**Exercise**
Scanning the entries below, copy every line that contains the word "tags".

**Extracted information**
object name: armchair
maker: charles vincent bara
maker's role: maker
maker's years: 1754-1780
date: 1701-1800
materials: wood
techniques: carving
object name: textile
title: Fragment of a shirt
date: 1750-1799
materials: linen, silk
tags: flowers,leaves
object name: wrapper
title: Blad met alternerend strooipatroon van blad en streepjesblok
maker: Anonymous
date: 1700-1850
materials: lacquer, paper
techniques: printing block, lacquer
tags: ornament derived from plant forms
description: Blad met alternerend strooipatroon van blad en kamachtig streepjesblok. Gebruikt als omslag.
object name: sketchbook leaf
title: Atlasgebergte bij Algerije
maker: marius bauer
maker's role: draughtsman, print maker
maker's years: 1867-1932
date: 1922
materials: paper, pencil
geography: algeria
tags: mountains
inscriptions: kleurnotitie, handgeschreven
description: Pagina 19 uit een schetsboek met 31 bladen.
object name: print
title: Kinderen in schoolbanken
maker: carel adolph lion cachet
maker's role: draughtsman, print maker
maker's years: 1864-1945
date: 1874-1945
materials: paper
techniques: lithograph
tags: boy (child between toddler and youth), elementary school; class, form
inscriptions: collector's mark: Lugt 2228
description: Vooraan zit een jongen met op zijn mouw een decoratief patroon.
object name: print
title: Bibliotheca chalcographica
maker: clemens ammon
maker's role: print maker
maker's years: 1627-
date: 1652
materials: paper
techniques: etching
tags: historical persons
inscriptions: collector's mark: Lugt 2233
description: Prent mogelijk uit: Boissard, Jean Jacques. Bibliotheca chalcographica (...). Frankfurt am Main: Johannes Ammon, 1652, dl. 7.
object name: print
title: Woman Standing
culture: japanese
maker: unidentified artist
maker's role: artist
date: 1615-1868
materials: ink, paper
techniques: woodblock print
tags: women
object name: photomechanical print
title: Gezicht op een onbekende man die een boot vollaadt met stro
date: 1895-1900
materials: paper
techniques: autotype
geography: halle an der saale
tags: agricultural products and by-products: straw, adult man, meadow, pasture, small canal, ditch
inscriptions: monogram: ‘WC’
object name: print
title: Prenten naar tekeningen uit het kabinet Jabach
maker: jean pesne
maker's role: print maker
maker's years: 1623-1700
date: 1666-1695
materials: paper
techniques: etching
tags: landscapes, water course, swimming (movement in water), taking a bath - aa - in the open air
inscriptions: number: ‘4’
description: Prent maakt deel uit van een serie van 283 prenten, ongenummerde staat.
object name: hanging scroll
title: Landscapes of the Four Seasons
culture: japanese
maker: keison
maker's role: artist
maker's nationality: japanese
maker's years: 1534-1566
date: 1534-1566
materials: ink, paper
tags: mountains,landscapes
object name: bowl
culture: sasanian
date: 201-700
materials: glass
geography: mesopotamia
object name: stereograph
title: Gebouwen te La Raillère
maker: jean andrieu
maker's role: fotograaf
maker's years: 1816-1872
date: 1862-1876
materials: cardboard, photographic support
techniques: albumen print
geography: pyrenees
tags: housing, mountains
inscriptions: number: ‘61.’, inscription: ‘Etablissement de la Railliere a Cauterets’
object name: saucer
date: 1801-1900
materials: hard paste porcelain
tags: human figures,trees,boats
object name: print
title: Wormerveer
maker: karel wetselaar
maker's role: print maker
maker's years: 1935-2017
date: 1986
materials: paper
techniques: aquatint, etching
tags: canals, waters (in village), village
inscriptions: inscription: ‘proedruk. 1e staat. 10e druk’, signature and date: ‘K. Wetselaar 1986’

**Exercise solution**
tags: flowers,leaves
tags: ornament derived from plant forms
tags: mountains
tags: boy (child between toddler and youth), elementary school; class, form
tags: historical persons
tags: women
tags: agricultural products and by-products: straw, adult man, meadow, pasture, small canal, ditch
tags: landscapes, water course, swimming (movement in water), taking a bath - aa - in the open air
tags: mountains,landscapes
tags: housing, mountains
tags: human figures,trees,boats
tags: canals, waters (in village), village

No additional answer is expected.